In fact, people with criminal records committed ninety percent of New York City murders from 2003 through 2005, according to a New York Times survey. In Massachusetts, researchers at Harvard University’s Kennedy School discovered that 95 percent of homicide offenders had been arraigned at least once in Massachusetts courts before committing murder. In Baltimore, policy records showed that 80 percent of murder suspects and 82 percent of victims in 2005 had criminal records as well.

This trend is also true nationally. My studies reveal that roughly 90 percent of adult murderers have adult records, have an average crime “career” of six or more years, and have committed an average of four major felonies.

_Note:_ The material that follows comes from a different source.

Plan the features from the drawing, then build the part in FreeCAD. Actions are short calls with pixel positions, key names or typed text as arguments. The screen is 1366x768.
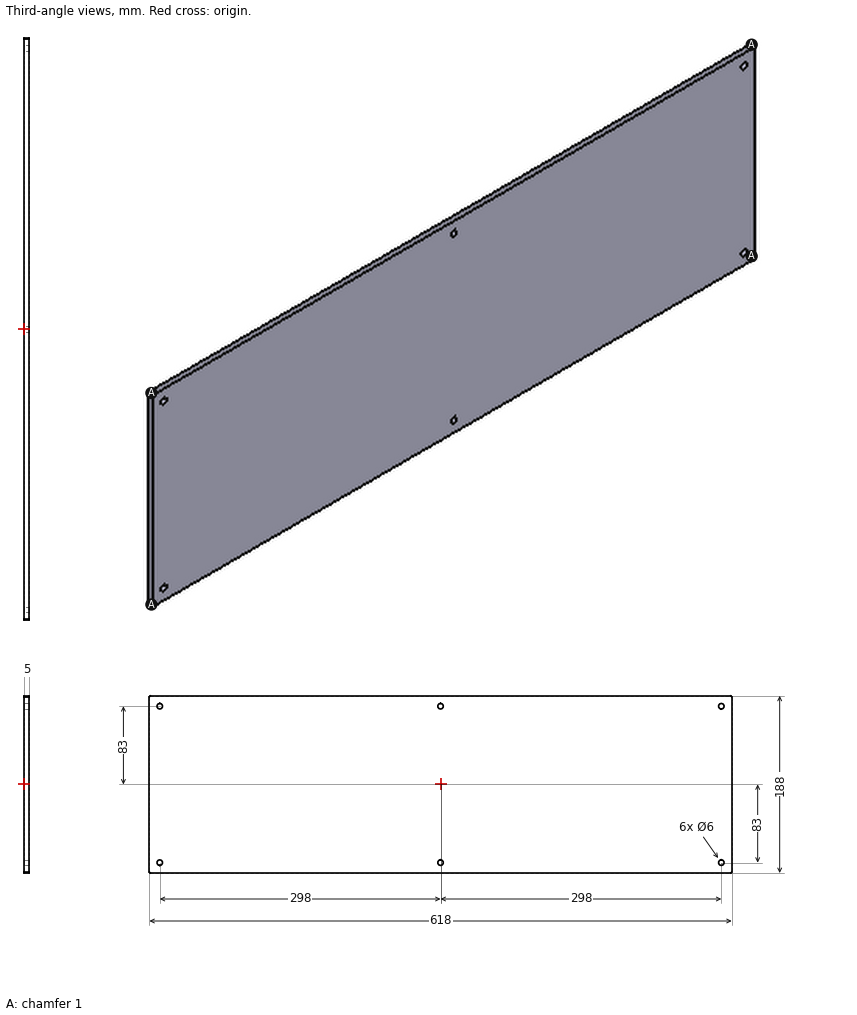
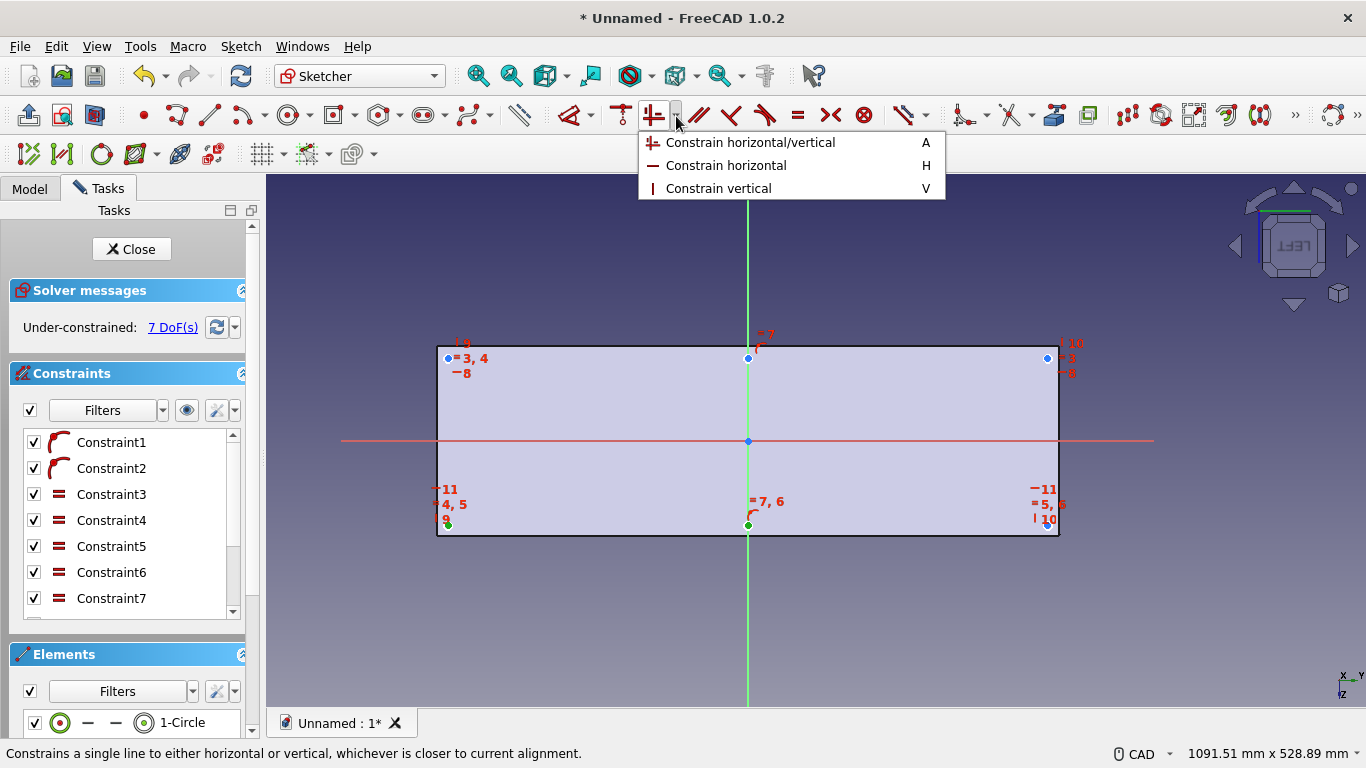
click(792, 166)

Criminologists have also proven that handguns do help innocent people protect themselves. Florida State University criminologist Gary Kleck has discovered that each year the number of victims who use handguns to repel criminals is several times greater than the number of criminals who use handguns in attempting to commit crimes. In cases when the assailant also has a gun, he will flee in eighty-two percent of incidents in which a victim draws a weapon.

While the reasons for enacting a gun ban may seem valid on the surface, such bans are simply ineffective. Criminals who ignore laws prohibiting rape, robbery, and murder will also ignore laws that prohibit them from owning guns. The Court’s decision may or may not drastically alter homicide rates in the District, but ignoring the facts behind most handgun crime will.